• BRIEF: Find the line with "list sloopwerkzaamheden aan" in the records below. Copy it and every line after it, up to and including the line with "text Melding slopen".

+++

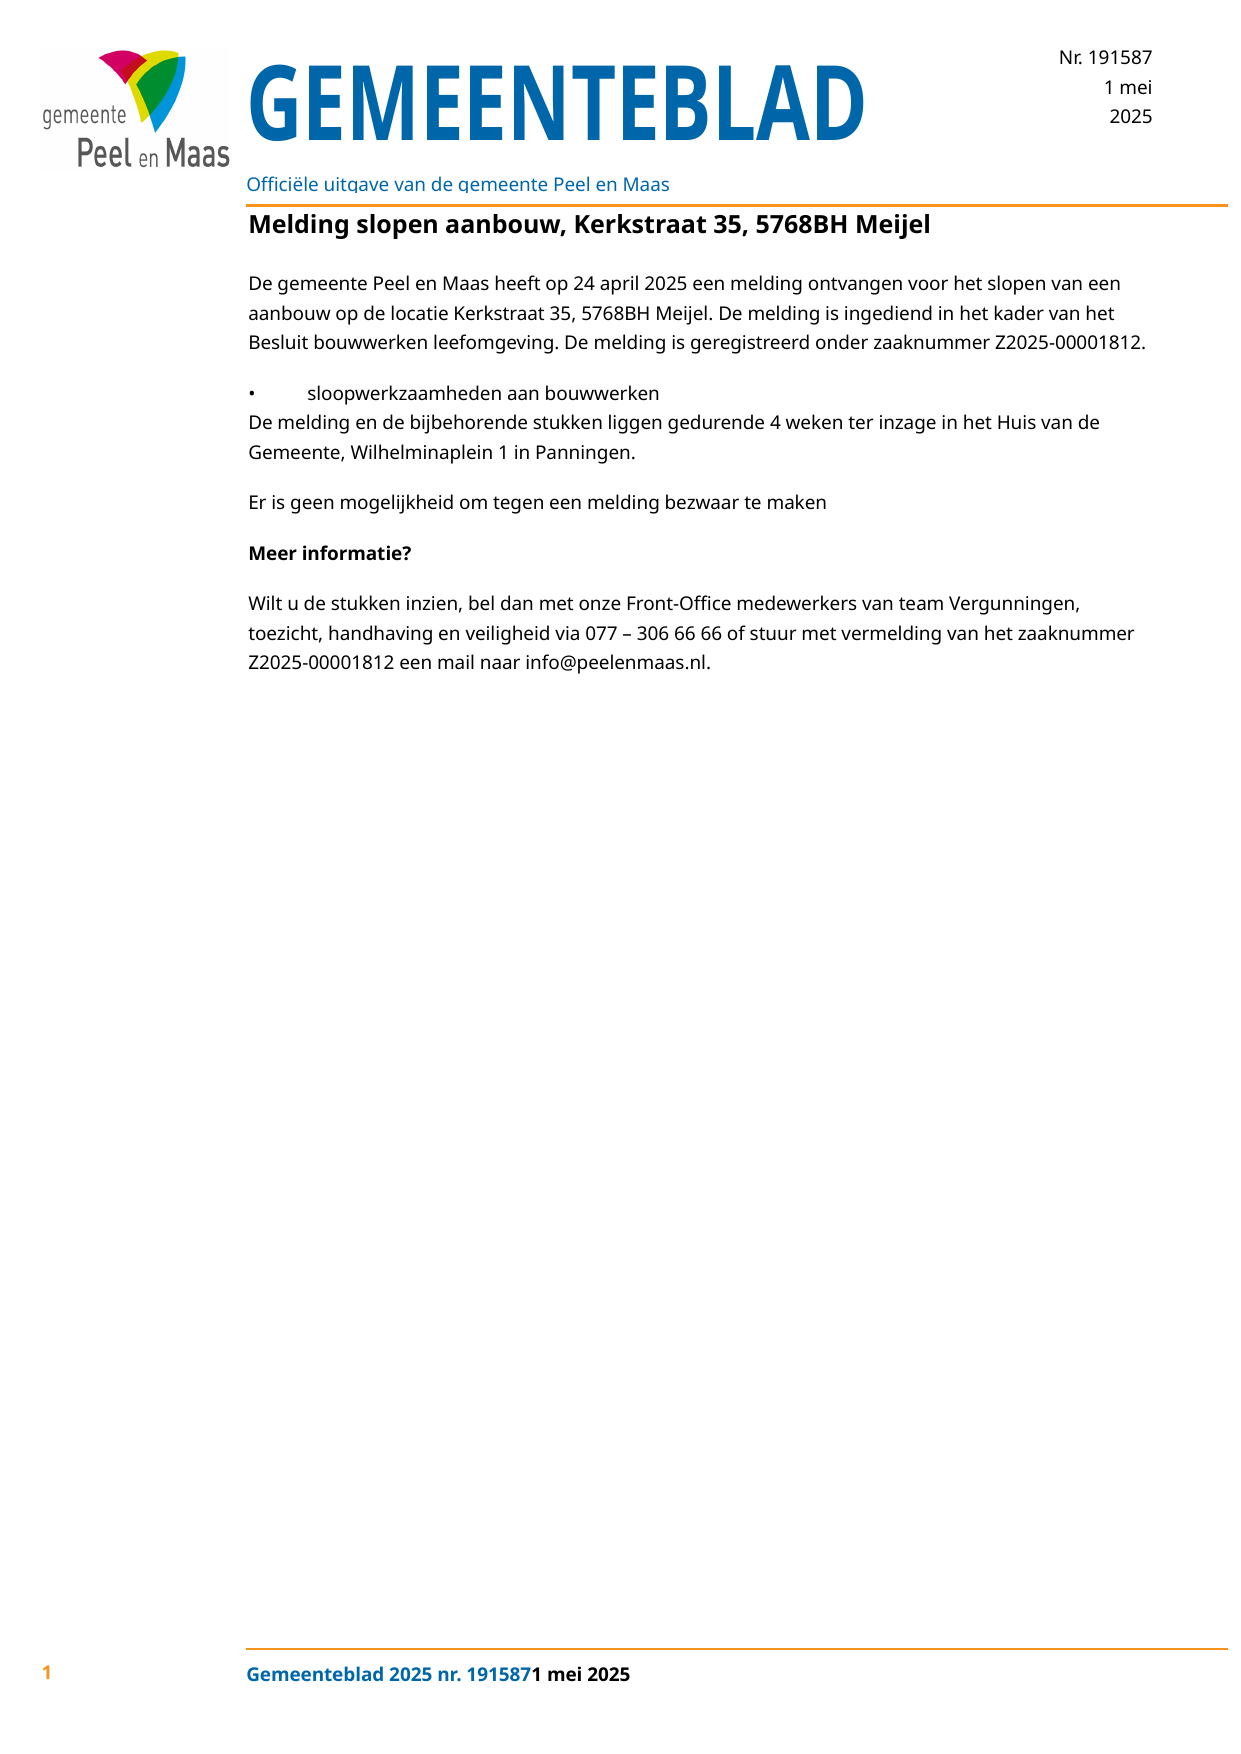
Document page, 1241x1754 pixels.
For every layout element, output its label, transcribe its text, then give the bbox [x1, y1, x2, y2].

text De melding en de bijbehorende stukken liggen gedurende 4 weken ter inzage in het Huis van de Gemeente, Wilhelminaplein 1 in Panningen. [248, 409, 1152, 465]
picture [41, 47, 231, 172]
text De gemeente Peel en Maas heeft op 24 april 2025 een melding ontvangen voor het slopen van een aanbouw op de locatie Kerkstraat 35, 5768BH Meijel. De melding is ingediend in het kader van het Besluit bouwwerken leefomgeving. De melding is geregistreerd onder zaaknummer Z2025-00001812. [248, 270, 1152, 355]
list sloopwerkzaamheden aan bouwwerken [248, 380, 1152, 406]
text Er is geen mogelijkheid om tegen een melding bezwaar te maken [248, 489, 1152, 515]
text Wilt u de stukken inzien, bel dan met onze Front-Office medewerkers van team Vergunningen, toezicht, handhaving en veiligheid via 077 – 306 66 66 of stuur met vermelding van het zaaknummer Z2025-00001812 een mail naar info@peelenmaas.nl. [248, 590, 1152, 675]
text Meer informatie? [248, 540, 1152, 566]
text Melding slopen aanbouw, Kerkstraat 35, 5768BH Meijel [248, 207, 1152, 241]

+++

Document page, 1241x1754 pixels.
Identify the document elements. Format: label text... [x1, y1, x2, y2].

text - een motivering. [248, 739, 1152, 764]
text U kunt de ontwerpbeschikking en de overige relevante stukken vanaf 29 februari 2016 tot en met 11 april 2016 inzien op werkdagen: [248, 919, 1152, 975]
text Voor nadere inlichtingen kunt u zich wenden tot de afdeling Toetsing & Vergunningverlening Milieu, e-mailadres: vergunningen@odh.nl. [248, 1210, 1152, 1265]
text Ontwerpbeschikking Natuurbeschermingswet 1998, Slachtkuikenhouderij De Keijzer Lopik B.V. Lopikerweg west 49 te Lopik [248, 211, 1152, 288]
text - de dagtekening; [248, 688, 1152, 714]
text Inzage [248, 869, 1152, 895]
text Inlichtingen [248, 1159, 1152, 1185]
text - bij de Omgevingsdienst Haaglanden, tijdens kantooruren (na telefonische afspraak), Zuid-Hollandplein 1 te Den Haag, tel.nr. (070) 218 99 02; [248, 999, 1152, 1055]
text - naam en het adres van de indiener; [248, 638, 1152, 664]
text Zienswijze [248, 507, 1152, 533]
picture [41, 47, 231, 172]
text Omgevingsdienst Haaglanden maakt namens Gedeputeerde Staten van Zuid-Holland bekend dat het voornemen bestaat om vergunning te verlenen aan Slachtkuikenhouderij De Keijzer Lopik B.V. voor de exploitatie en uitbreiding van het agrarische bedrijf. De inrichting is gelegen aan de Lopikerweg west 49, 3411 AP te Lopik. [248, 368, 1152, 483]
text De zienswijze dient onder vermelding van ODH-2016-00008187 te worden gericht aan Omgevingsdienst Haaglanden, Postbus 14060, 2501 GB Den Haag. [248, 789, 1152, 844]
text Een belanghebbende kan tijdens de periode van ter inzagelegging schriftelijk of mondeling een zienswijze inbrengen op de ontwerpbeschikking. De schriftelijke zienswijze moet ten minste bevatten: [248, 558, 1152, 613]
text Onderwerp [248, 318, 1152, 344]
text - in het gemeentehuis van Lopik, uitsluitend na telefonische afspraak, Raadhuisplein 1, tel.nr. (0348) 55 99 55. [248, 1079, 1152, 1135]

+++

• FINAL ANSWER:
list sloopwerkzaamheden aan bouwwerken [248, 380, 1152, 406]
text Er is geen mogelijkheid om tegen een melding bezwaar te maken [248, 489, 1152, 515]
text Wilt u de stukken inzien, bel dan met onze Front-Office medewerkers van team Vergunningen, toezicht, handhaving en veiligheid via 077 – 306 66 66 of stuur met vermelding van het zaaknummer Z2025-00001812 een mail naar info@peelenmaas.nl. [248, 590, 1152, 675]
text Meer informatie? [248, 540, 1152, 566]
text Melding slopen aanbouw, Kerkstraat 35, 5768BH Meijel [248, 207, 1152, 241]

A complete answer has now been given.